What Is the Numerical Vary of a Matrix? – Nick Higham


The numerical vary of a matrix Ainmathbb{C}^{ntimes n}, also called the discipline of values, is the set of complicated numbers

W(A) = biggl{, displaystylefrac{z^*Az}{z^*z}: 0ne zinmathbb{C}^n ,biggr}.

The set W(A) is compact and convex (a nontrivial property proved by Toeplitz and Hausdorff), and it accommodates all of the eigenvalues of A. For regular matrices it’s the convex hull of the eigenvalues. For a Hermitian matrix, W(A) is a section of the true axis, whereas for a skew-Hermitian matrix it’s a section of the imaginary axis.

The next determine plots in blue the boundaries of the the numerical ranges of 9 16times 16 matrices, with the eigenvalues proven as black dots. They have been plotted utilizing the perform fv within the Matrix Computation Toolbox. The matrices are from Anymatrix.

fov_plots.jpg

A way for computing the boundary of the numerical vary relies on the statement that for any zinmathbb{C},

notag  z^*Az = underbrace{z^* frac{1}{2}(A+A^*) z}_{mathrm{phantom{1234}realphantom{1234}}}         + underbrace{z^* frac{1}{2}(A-A^*) z}_{mathrm{pure~imaginary}}        qquad (1)

This means that the true a part of z^*Az/z^*z lies between the biggest and smallest eigenvalues of the Hermitian matrix (A+A^*)/2, which outline a vertical strip wherein the numerical vary lies.
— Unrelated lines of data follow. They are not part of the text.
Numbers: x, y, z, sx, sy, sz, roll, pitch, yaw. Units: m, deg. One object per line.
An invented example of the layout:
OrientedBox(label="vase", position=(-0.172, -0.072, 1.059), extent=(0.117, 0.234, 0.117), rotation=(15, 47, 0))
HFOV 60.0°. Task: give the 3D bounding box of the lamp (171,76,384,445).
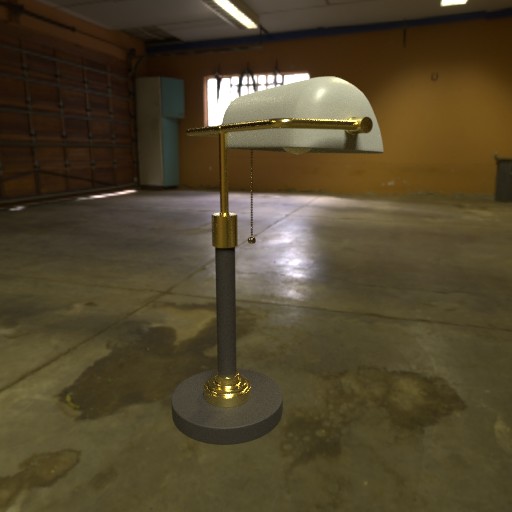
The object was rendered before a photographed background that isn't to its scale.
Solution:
OrientedBox(label="lamp", position=(0.000, 0.000, 0.551), extent=(0.227, 0.404, 0.269), rotation=(-7, 15, -26))
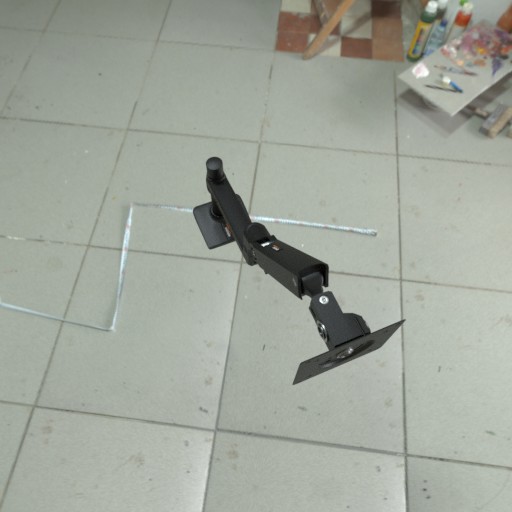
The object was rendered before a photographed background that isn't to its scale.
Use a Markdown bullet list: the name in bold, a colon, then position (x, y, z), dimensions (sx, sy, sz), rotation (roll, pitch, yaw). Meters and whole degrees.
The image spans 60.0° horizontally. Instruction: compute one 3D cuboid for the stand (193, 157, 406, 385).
- **stand**: position (0.000, 0.000, 0.998), dimensions (0.152, 0.713, 0.650), rotation (-20, 64, -10)
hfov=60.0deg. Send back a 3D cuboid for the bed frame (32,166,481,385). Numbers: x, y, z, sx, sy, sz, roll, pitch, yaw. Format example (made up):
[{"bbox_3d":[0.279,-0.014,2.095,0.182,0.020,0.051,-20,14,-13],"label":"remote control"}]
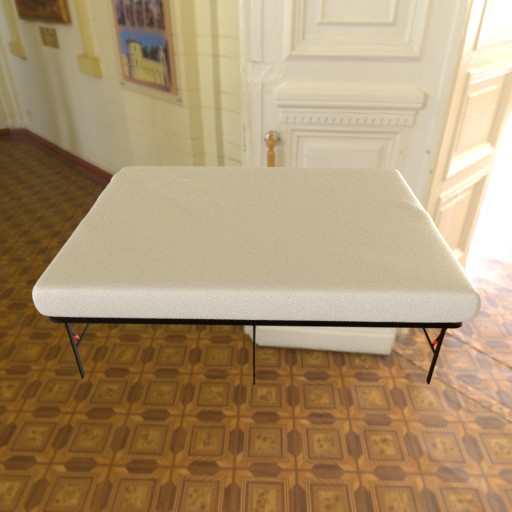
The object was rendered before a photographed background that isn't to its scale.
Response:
[{"bbox_3d":[0.000,0.000,2.831,2.151,0.667,1.584,1,33,1],"label":"bed frame"}]
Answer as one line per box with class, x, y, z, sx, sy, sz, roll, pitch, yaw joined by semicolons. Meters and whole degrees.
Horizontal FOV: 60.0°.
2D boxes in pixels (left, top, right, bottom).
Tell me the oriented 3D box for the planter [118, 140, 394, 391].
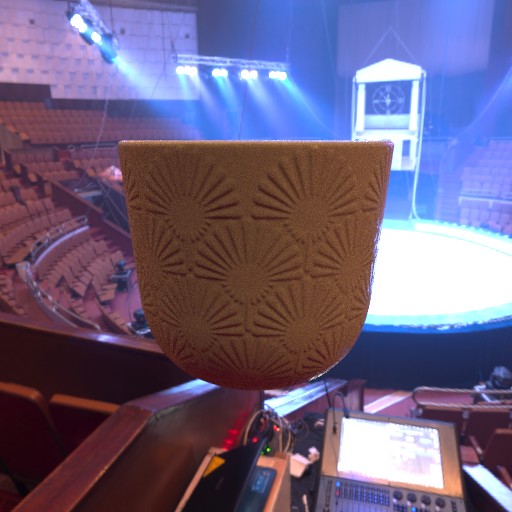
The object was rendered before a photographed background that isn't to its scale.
planter;0.000;0.000;0.302;0.170;0.152;0.170;0;15;0
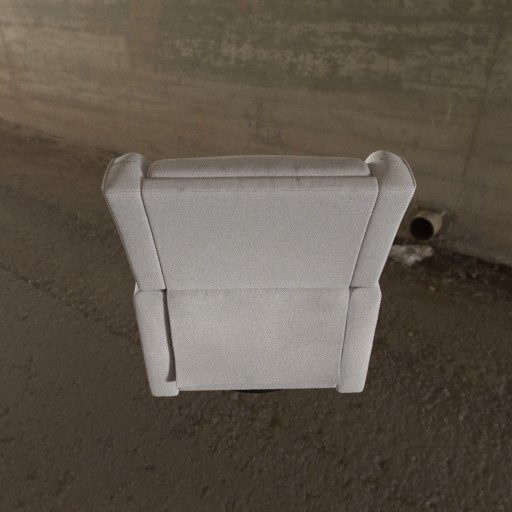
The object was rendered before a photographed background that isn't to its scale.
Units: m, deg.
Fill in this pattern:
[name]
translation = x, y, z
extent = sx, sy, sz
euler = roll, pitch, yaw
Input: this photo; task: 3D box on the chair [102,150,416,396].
[chair]
translation = 0.000, 0.000, 1.679
extent = 0.906, 0.967, 0.854
euler = -1, 31, -1
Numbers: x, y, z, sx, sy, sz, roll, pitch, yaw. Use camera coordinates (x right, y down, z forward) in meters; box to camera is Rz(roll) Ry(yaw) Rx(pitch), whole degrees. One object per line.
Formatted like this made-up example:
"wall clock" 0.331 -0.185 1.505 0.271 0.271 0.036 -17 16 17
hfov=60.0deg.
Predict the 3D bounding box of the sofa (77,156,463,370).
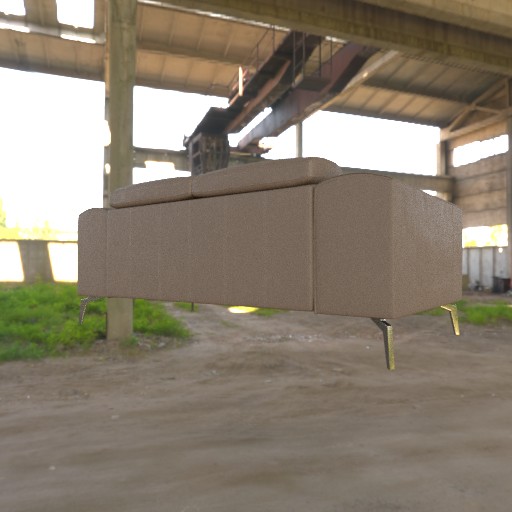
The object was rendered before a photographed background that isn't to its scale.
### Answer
"sofa" 0.000 0.000 2.392 1.895 0.779 1.003 -1 -1 37
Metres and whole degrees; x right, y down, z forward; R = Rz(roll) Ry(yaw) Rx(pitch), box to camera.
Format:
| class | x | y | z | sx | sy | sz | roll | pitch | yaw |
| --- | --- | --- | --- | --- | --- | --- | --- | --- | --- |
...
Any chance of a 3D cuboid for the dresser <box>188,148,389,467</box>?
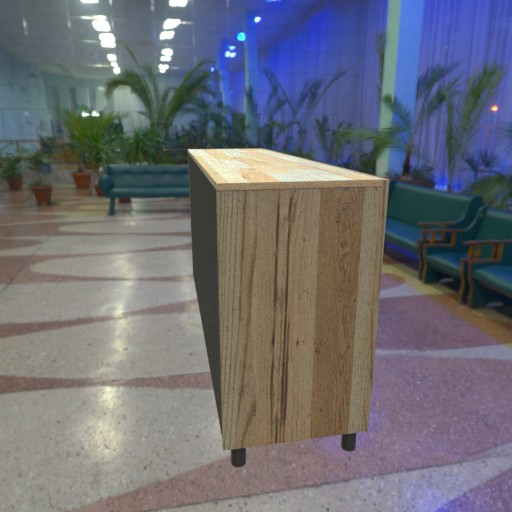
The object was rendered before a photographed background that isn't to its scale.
| class | x | y | z | sx | sy | sz | roll | pitch | yaw |
| --- | --- | --- | --- | --- | --- | --- | --- | --- | --- |
| dresser | 0.000 | 0.000 | 1.937 | 0.487 | 0.834 | 1.547 | -3 | 17 | -10 |
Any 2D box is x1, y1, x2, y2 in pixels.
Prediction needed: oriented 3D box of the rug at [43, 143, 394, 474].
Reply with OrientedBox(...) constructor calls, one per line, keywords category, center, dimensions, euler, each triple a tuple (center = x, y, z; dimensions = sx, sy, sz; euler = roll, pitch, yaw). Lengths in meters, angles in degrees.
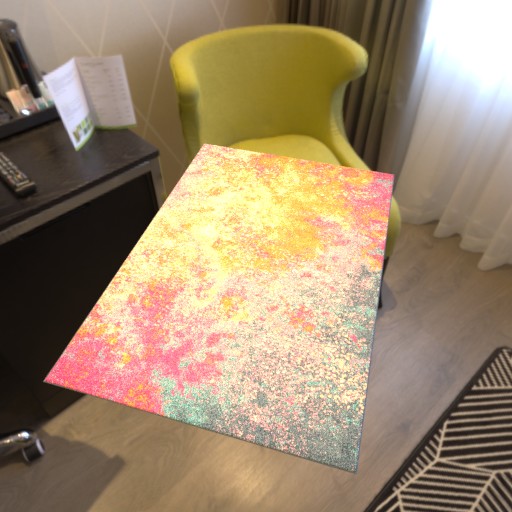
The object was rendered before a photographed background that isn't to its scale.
OrientedBox(category="rug", center=(0.000, 0.000, 3.606), dimensions=(2.007, 0.013, 2.896), euler=(12, 48, 11))
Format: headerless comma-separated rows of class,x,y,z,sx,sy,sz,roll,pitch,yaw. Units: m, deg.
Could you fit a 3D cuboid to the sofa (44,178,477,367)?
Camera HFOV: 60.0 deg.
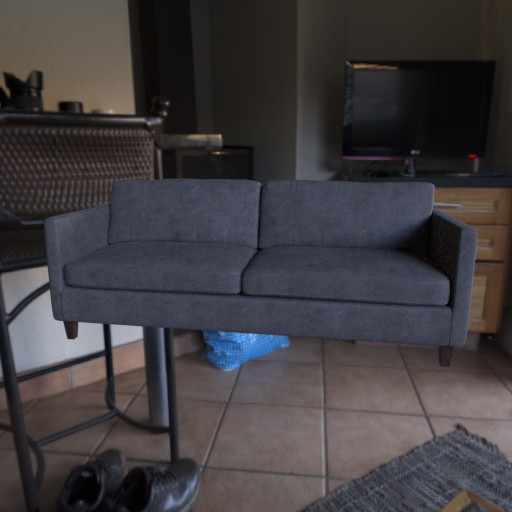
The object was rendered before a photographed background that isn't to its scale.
sofa,0.000,0.000,2.899,2.434,0.965,0.951,2,13,9

Since W(mathrm{e}^{mathrm{i}theta} A) = mathrm{e}^{mathrm{i}theta} W(A), we are able to apply the identical reasoning to the rotated matrix A(theta) = mathrm{e}^{mathrm{i}theta} A, and taking a variety of thetain[0,pi] we get hold of an approximation the boundary of the numerical vary.

The amount

notag  omega(A) = max bigl{, mathrm{Re}, w : w in W(A) ,bigr}

known as the numerical abscissa, and by (1), omega(A) is the biggest eigenvalue of the Hermitian matrix (A+A^*)/2. The numerical abscissa determines the speed of development of |mathrm{e}^{tA}| for small optimistic t.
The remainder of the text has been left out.